Will further education continue to receive a share of the tuition fees and grants savings from higher education?
Will the Treasury check the DFEE's progress against targets for efficiency and reform every quarter? If so does this mean that where once there were annual, now despite talk of three-year allocations in fact the department will only get a quarter's money at a time?
Who is going to do the monitoring and what will it cost?
REACTIONS
Diana Warwick, CVCP chief executive: "We have to take the Prime Minister and the Secretary of State at face value. They are determined to halt the decline and the 1 per cent efficiency gain has been obtained. In that sense we are in a positive upcurve."

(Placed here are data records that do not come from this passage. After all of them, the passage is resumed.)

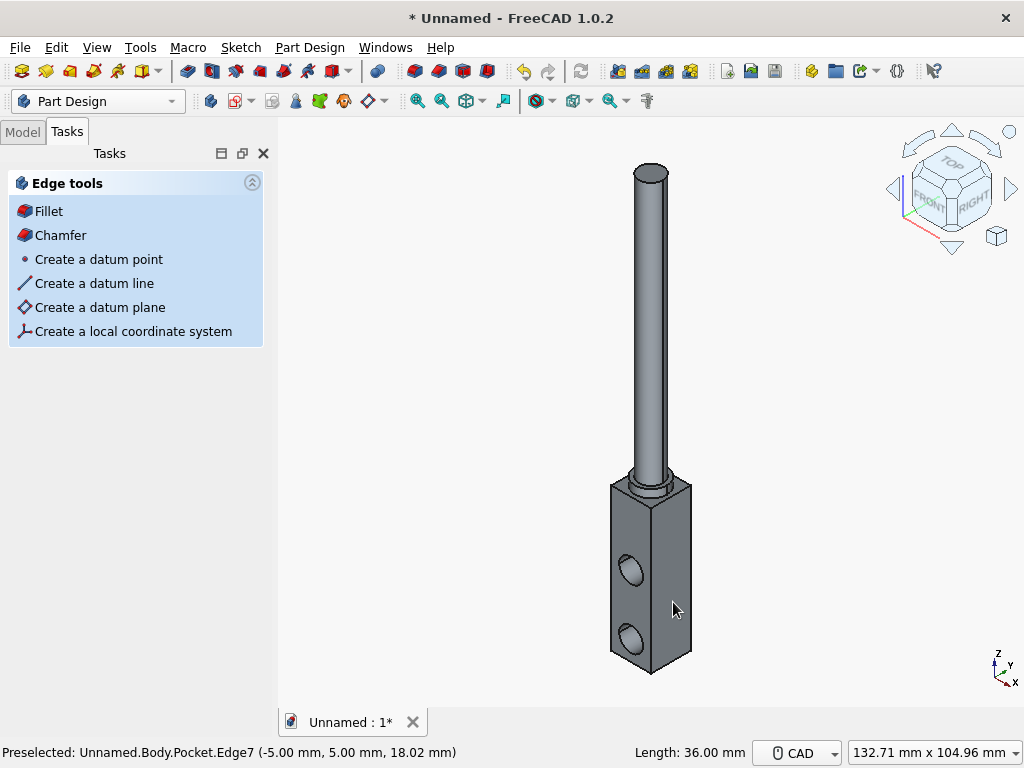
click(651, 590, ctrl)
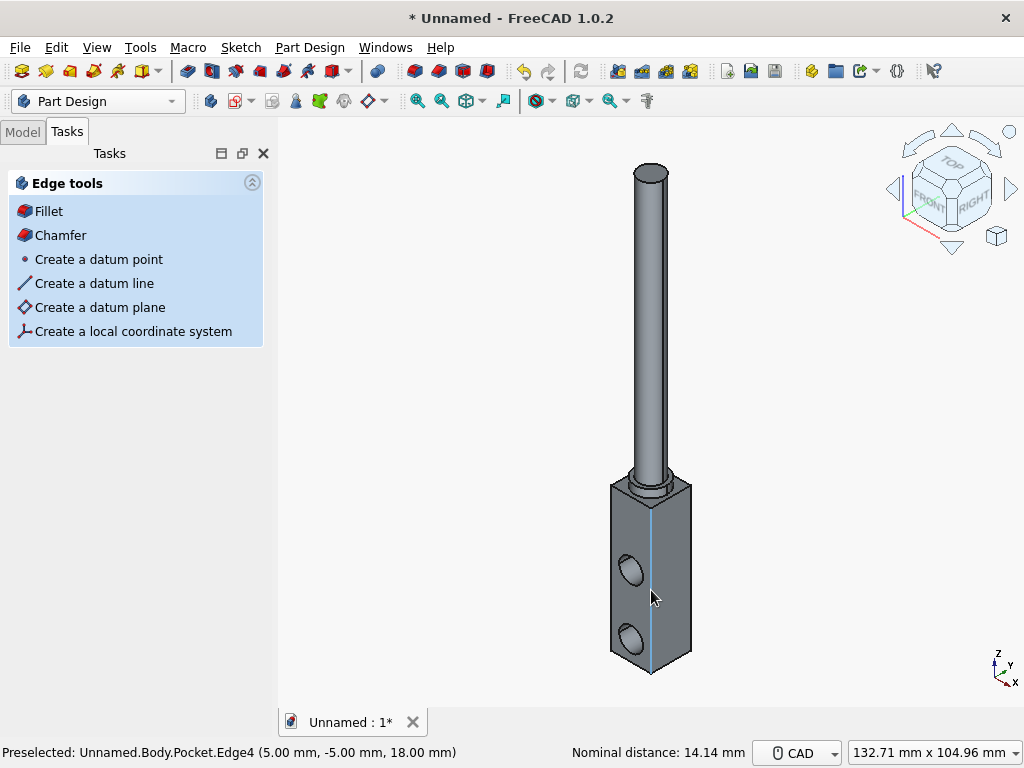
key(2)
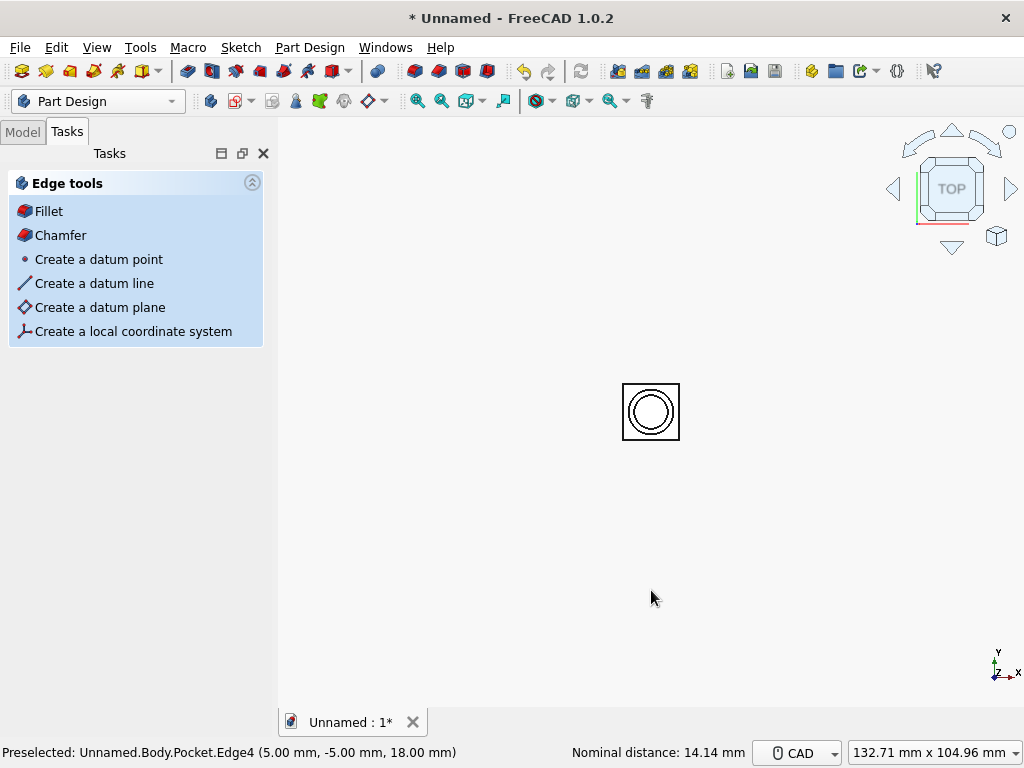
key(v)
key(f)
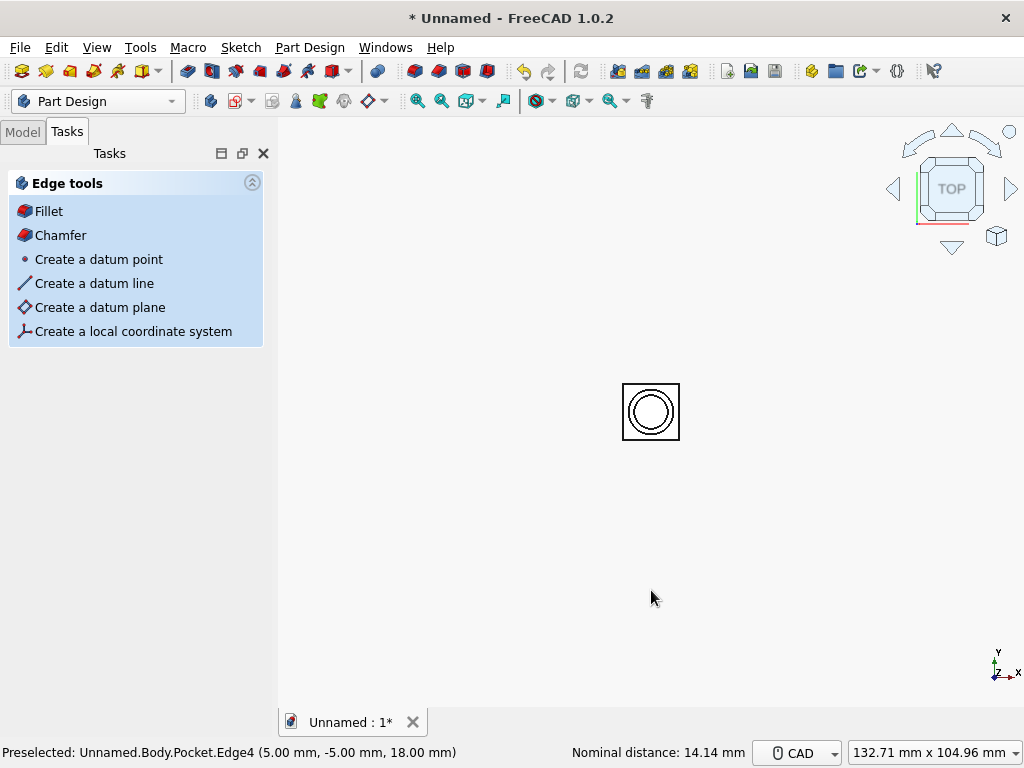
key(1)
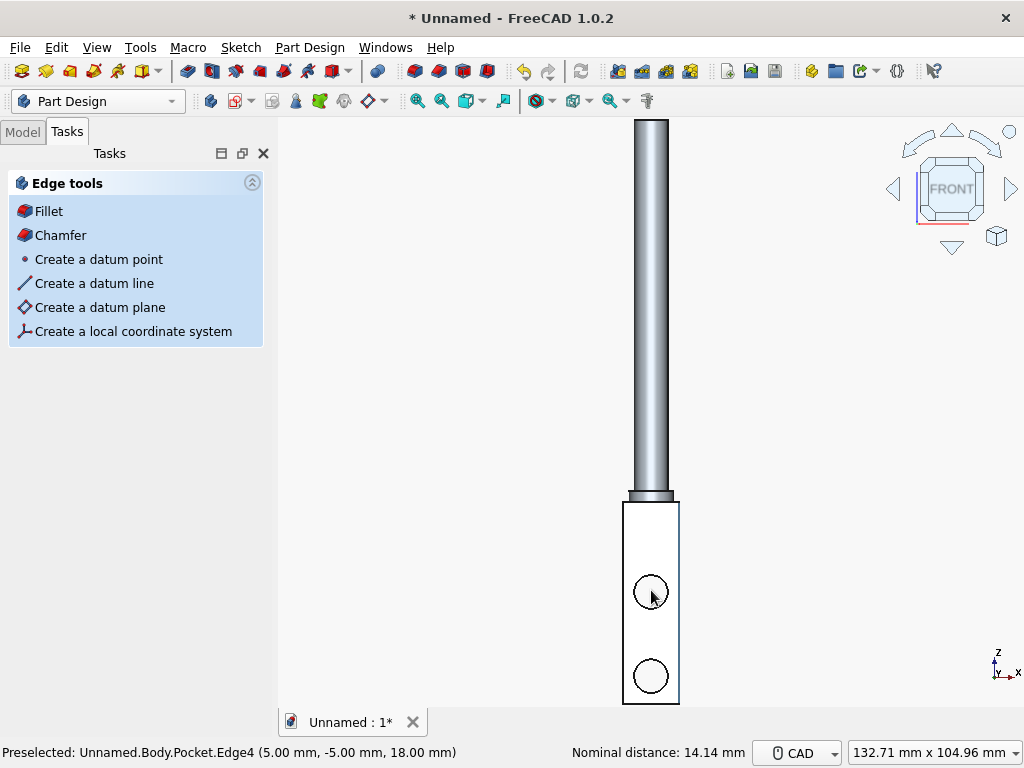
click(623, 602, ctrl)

David Triesman, general secretary of the Association of University Teachers, said: "With the extra money for research and if they are right about what is going to come in in student fees, we will be edging towards the figures Dearing recommended. We will be in a position to have a far more realistic discussion among higher education players and employers about pay than we have had for some time. "
Paul Mackney, general secretary of the National Association of Teachers in Further and Higher Education, said: "This is a start on the road to recovery for cash-strapped colleges and universities. The education secretary's announcement offers the prospect of a better deal for students."
A spokesman for the National Union of Students said: "We are very impressed, particularly by the extra money for further education."
Brian Fender, chief executive of the Higher Education Funding Council for England said the outcome of the comprehensive spending review would allow it to build on this year's improved funding base and ensure higher education remained competitive.
Kate Barker, chief economic adviser at the Confederation of British Industry, said: "We should target resources to get maximum return, an improvement in standards and skills."